*WHAT IS REQUIRED*: Omitting the pictures, print every line below exactly as it stands.

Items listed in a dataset
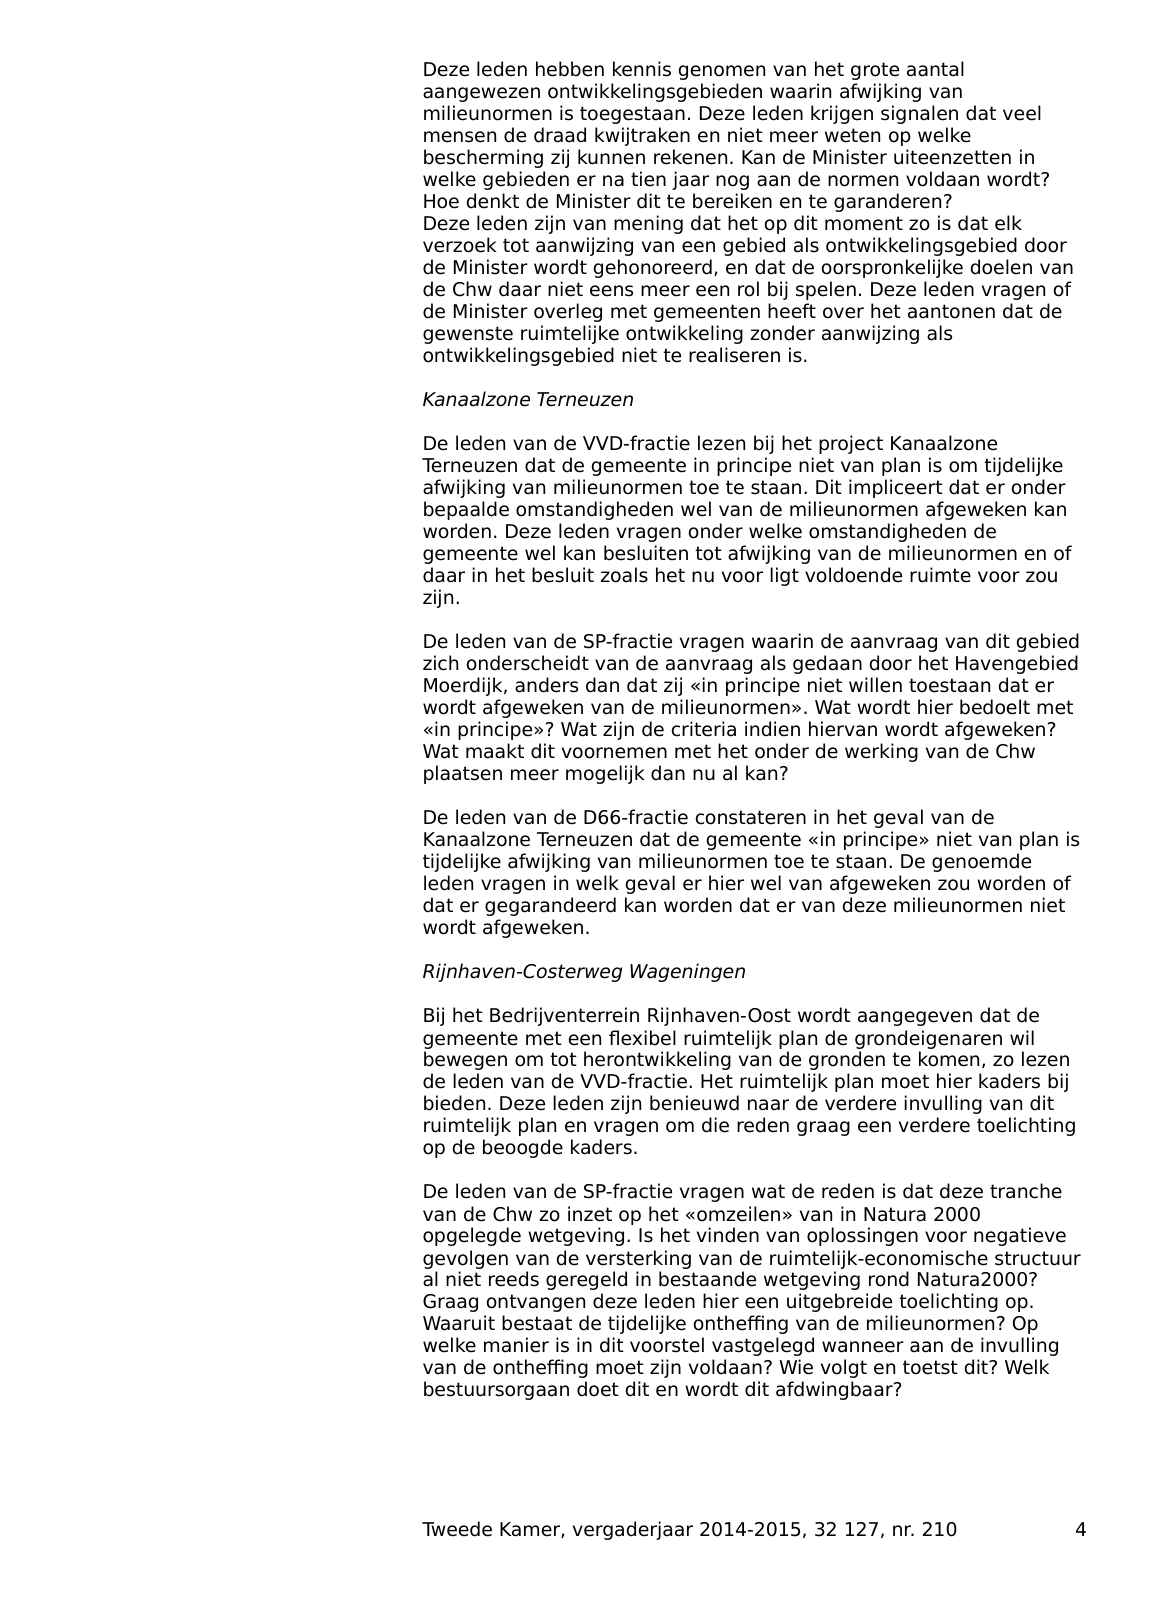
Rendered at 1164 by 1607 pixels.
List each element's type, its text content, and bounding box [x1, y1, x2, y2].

text De leden van de VVD-fractie lezen bij het project Kanaalzone Terneuzen dat de gemeente in principe niet van plan is om tijdelijke afwijking van milieunormen toe te staan. Dit impliceert dat er onder bepaalde omstandigheden wel van de milieunormen afgeweken kan worden. Deze leden vragen onder welke omstandigheden de gemeente wel kan besluiten tot afwijking van de milieunormen en of daar in het besluit zoals het nu voor ligt voldoende ruimte voor zou zijn. [422, 433, 1087, 609]
text Bij het Bedrijventerrein Rijnhaven-Oost wordt aangegeven dat de gemeente met een flexibel ruimtelijk plan de grondeigenaren wil bewegen om tot herontwikkeling van de gronden te komen, zo lezen de leden van de VVD-fractie. Het ruimtelijk plan moet hier kaders bij bieden. Deze leden zijn benieuwd naar de verdere invulling van dit ruimtelijk plan en vragen om die reden graag een verdere toelichting op de beoogde kaders. [422, 1005, 1087, 1159]
text De leden van de D66-fractie constateren in het geval van de Kanaalzone Terneuzen dat de gemeente «in principe» niet van plan is tijdelijke afwijking van milieunormen toe te staan. De genoemde leden vragen in welk geval er hier wel van afgeweken zou worden of dat er gegarandeerd kan worden dat er van deze milieunormen niet wordt afgeweken. [422, 807, 1087, 939]
text De leden van de SP-fractie vragen wat de reden is dat deze tranche van de Chw zo inzet op het «omzeilen» van in Natura 2000 opgelegde wetgeving. Is het vinden van oplossingen voor negatieve gevolgen van de versterking van de ruimtelijk-economische structuur al niet reeds geregeld in bestaande wetgeving rond Natura2000? Graag ontvangen deze leden hier een uitgebreide toelichting op. Waaruit bestaat de tijdelijke ontheffing van de milieunormen? Op welke manier is in dit voorstel vastgelegd wanneer aan de invulling van de ontheffing moet zijn voldaan? Wie volgt en toetst dit? Welk bestuursorgaan doet dit en wordt dit afdwingbaar? [422, 1181, 1087, 1401]
text Deze leden hebben kennis genomen van het grote aantal aangewezen ontwikkelingsgebieden waarin afwijking van milieunormen is toegestaan. Deze leden krijgen signalen dat veel mensen de draad kwijtraken en niet meer weten op welke bescherming zij kunnen rekenen. Kan de Minister uiteenzetten in welke gebieden er na tien jaar nog aan de normen voldaan wordt? Hoe denkt de Minister dit te bereiken en te garanderen? [422, 59, 1087, 213]
text De leden van de SP-fractie vragen waarin de aanvraag van dit gebied zich onderscheidt van de aanvraag als gedaan door het Havengebied Moerdijk, anders dan dat zij «in principe niet willen toestaan dat er wordt afgeweken van de milieunormen». Wat wordt hier bedoelt met «in principe»? Wat zijn de criteria indien hiervan wordt afgeweken? Wat maakt dit voornemen met het onder de werking van de Chw plaatsen meer mogelijk dan nu al kan? [422, 631, 1087, 785]
subtitle Kanaalzone Terneuzen [422, 389, 1087, 411]
subtitle Rijnhaven-Costerweg Wageningen [422, 961, 1087, 983]
text Deze leden zijn van mening dat het op dit moment zo is dat elk verzoek tot aanwijzing van een gebied als ontwikkelingsgebied door de Minister wordt gehonoreerd, en dat de oorspronkelijke doelen van de Chw daar niet eens meer een rol bij spelen. Deze leden vragen of de Minister overleg met gemeenten heeft over het aantonen dat de gewenste ruimtelijke ontwikkeling zonder aanwijzing als ontwikkelingsgebied niet te realiseren is. [422, 213, 1087, 367]
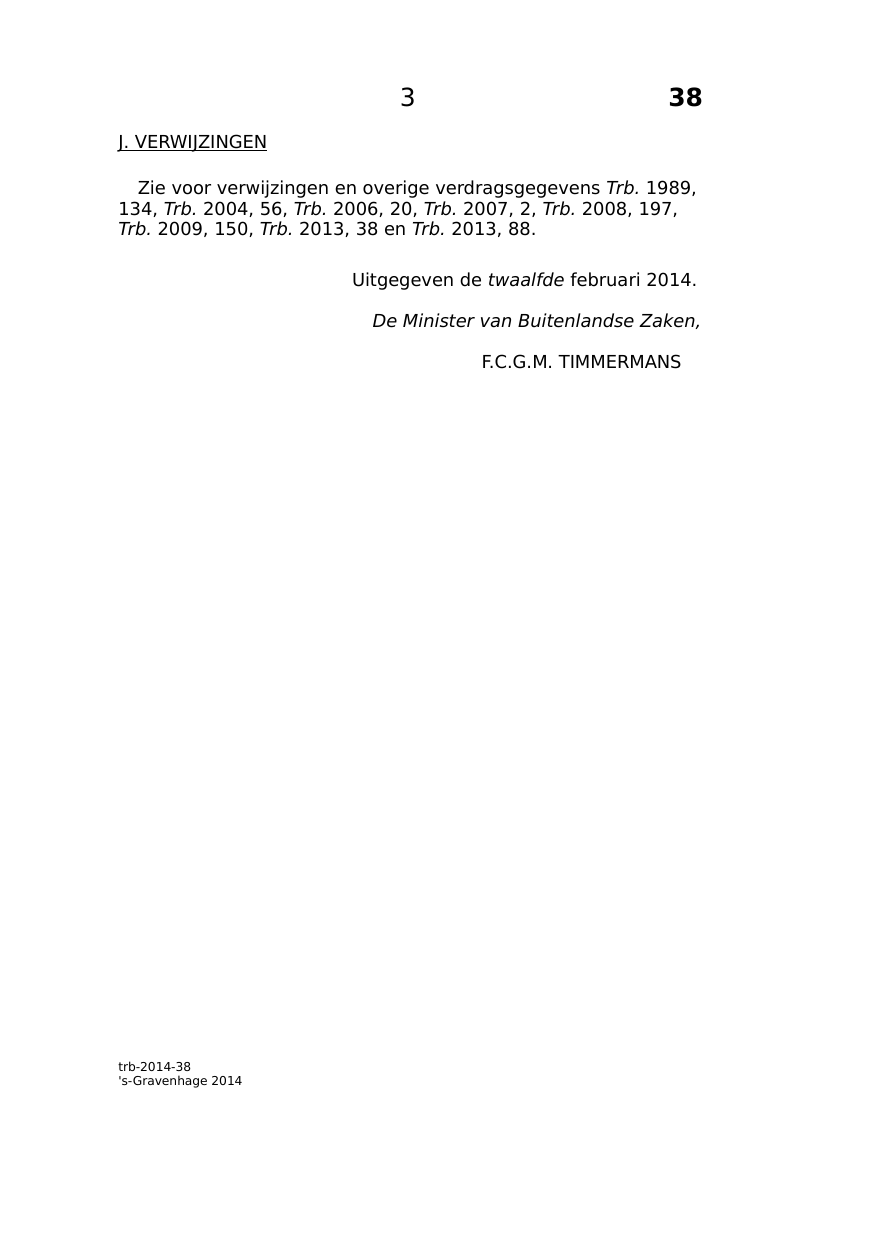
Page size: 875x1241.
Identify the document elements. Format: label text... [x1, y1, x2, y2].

text Zie voor verwijzingen en overige verdragsgegevens Trb. 1989, 134, Trb. 2004, 56, Trb. 2006, 20, Trb. 2007, 2, Trb. 2008, 197, Trb. 2009, 150, Trb. 2013, 38 en Trb. 2013, 88. [118, 178, 703, 240]
text 's-Gravenhage 2014 [118, 1074, 352, 1088]
subtitle J. VERWIJZINGEN [118, 132, 703, 153]
text trb-2014-38 [118, 1060, 352, 1074]
text Uitgegeven de twaalfde februari 2014. [118, 270, 703, 291]
text De Minister van Buitenlandse Zaken, F.C.G.M. TIMMERMANS [118, 311, 703, 373]
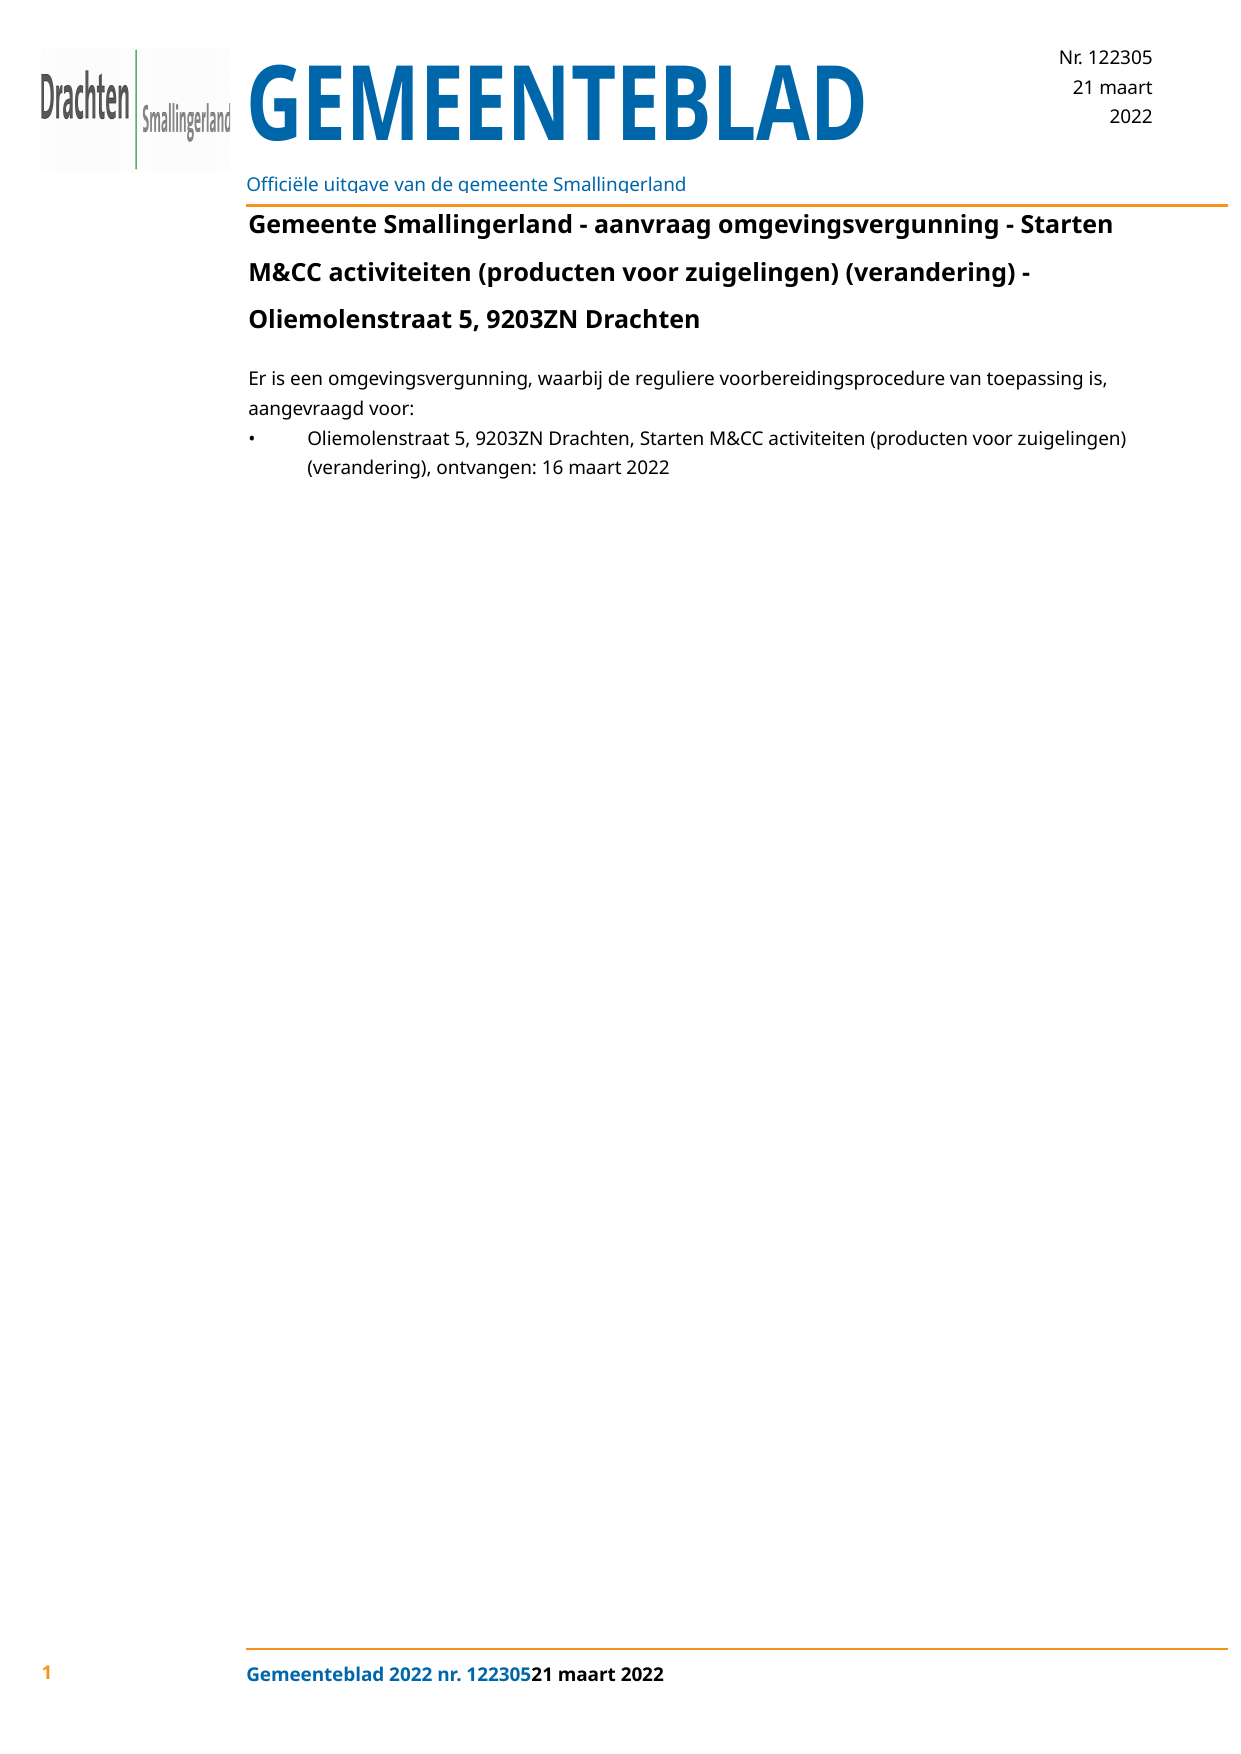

*RESPONSE AREA*:
Rendered at 1164 by 1607 pixels.
List each element's type, its text content, and bounding box [x1, y1, x2, y2].

text De leden van de VVD-fractie lezen bij het project Kanaalzone Terneuzen dat de gemeente in principe niet van plan is om tijdelijke afwijking van milieunormen toe te staan. Dit impliceert dat er onder bepaalde omstandigheden wel van de milieunormen afgeweken kan worden. Deze leden vragen onder welke omstandigheden de gemeente wel kan besluiten tot afwijking van de milieunormen en of daar in het besluit zoals het nu voor ligt voldoende ruimte voor zou zijn. [422, 433, 1087, 609]
text Bij het Bedrijventerrein Rijnhaven-Oost wordt aangegeven dat de gemeente met een flexibel ruimtelijk plan de grondeigenaren wil bewegen om tot herontwikkeling van de gronden te komen, zo lezen de leden van de VVD-fractie. Het ruimtelijk plan moet hier kaders bij bieden. Deze leden zijn benieuwd naar de verdere invulling van dit ruimtelijk plan en vragen om die reden graag een verdere toelichting op de beoogde kaders. [422, 1005, 1087, 1159]
text De leden van de D66-fractie constateren in het geval van de Kanaalzone Terneuzen dat de gemeente «in principe» niet van plan is tijdelijke afwijking van milieunormen toe te staan. De genoemde leden vragen in welk geval er hier wel van afgeweken zou worden of dat er gegarandeerd kan worden dat er van deze milieunormen niet wordt afgeweken. [422, 807, 1087, 939]
text De leden van de SP-fractie vragen wat de reden is dat deze tranche van de Chw zo inzet op het «omzeilen» van in Natura 2000 opgelegde wetgeving. Is het vinden van oplossingen voor negatieve gevolgen van de versterking van de ruimtelijk-economische structuur al niet reeds geregeld in bestaande wetgeving rond Natura2000? Graag ontvangen deze leden hier een uitgebreide toelichting op. Waaruit bestaat de tijdelijke ontheffing van de milieunormen? Op welke manier is in dit voorstel vastgelegd wanneer aan de invulling van de ontheffing moet zijn voldaan? Wie volgt en toetst dit? Welk bestuursorgaan doet dit en wordt dit afdwingbaar? [422, 1181, 1087, 1401]
text Deze leden hebben kennis genomen van het grote aantal aangewezen ontwikkelingsgebieden waarin afwijking van milieunormen is toegestaan. Deze leden krijgen signalen dat veel mensen de draad kwijtraken en niet meer weten op welke bescherming zij kunnen rekenen. Kan de Minister uiteenzetten in welke gebieden er na tien jaar nog aan de normen voldaan wordt? Hoe denkt de Minister dit te bereiken en te garanderen? [422, 59, 1087, 213]
text De leden van de SP-fractie vragen waarin de aanvraag van dit gebied zich onderscheidt van de aanvraag als gedaan door het Havengebied Moerdijk, anders dan dat zij «in principe niet willen toestaan dat er wordt afgeweken van de milieunormen». Wat wordt hier bedoelt met «in principe»? Wat zijn de criteria indien hiervan wordt afgeweken? Wat maakt dit voornemen met het onder de werking van de Chw plaatsen meer mogelijk dan nu al kan? [422, 631, 1087, 785]
subtitle Kanaalzone Terneuzen [422, 389, 1087, 411]
subtitle Rijnhaven-Costerweg Wageningen [422, 961, 1087, 983]
text Deze leden zijn van mening dat het op dit moment zo is dat elk verzoek tot aanwijzing van een gebied als ontwikkelingsgebied door de Minister wordt gehonoreerd, en dat de oorspronkelijke doelen van de Chw daar niet eens meer een rol bij spelen. Deze leden vragen of de Minister overleg met gemeenten heeft over het aantonen dat de gewenste ruimtelijke ontwikkeling zonder aanwijzing als ontwikkelingsgebied niet te realiseren is. [422, 213, 1087, 367]
Page size: 875x1241.
Identify the document elements. Format: label text... [x1, y1, x2, y2].

text Zie voor verwijzingen en overige verdragsgegevens Trb. 1989, 134, Trb. 2004, 56, Trb. 2006, 20, Trb. 2007, 2, Trb. 2008, 197, Trb. 2009, 150, Trb. 2013, 38 en Trb. 2013, 88. [118, 178, 703, 240]
text 's-Gravenhage 2014 [118, 1074, 352, 1088]
subtitle J. VERWIJZINGEN [118, 132, 703, 153]
text trb-2014-38 [118, 1060, 352, 1074]
text Uitgegeven de twaalfde februari 2014. [118, 270, 703, 291]
text De Minister van Buitenlandse Zaken, F.C.G.M. TIMMERMANS [118, 311, 703, 373]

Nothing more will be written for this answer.